*** Opening SOURCE INFORMATION ***

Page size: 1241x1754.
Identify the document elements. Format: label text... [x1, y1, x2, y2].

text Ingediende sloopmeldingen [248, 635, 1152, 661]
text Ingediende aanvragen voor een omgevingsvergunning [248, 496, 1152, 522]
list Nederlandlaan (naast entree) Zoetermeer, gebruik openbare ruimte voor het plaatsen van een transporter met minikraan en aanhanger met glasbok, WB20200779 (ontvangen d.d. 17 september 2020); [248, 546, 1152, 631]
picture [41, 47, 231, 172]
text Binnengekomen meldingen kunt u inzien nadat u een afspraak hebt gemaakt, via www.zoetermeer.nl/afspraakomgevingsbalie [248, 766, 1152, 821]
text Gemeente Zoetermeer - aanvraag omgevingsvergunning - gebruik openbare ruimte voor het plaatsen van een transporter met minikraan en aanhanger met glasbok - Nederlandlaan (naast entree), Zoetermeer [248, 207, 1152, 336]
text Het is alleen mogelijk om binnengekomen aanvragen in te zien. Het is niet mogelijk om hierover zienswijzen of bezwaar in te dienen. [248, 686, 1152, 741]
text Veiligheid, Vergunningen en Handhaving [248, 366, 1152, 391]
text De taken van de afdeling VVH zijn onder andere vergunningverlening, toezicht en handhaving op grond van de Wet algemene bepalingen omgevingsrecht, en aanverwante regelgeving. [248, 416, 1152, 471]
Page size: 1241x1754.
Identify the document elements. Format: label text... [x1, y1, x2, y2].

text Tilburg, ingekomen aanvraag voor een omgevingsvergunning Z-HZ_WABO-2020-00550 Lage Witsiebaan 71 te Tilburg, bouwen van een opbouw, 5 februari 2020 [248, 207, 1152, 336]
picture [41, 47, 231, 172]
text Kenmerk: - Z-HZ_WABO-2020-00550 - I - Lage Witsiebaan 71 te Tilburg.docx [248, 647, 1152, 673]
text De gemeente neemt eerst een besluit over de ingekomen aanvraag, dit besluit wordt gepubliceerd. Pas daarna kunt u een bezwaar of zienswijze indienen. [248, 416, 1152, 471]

*** Closing SOURCE INFORMATION ***

YOUR GOAL:
Using the entries above, return each line in which the word "Ingediende" occurs.

RESPONSE TO THIS TASK:
text Ingediende sloopmeldingen [248, 635, 1152, 661]
text Ingediende aanvragen voor een omgevingsvergunning [248, 496, 1152, 522]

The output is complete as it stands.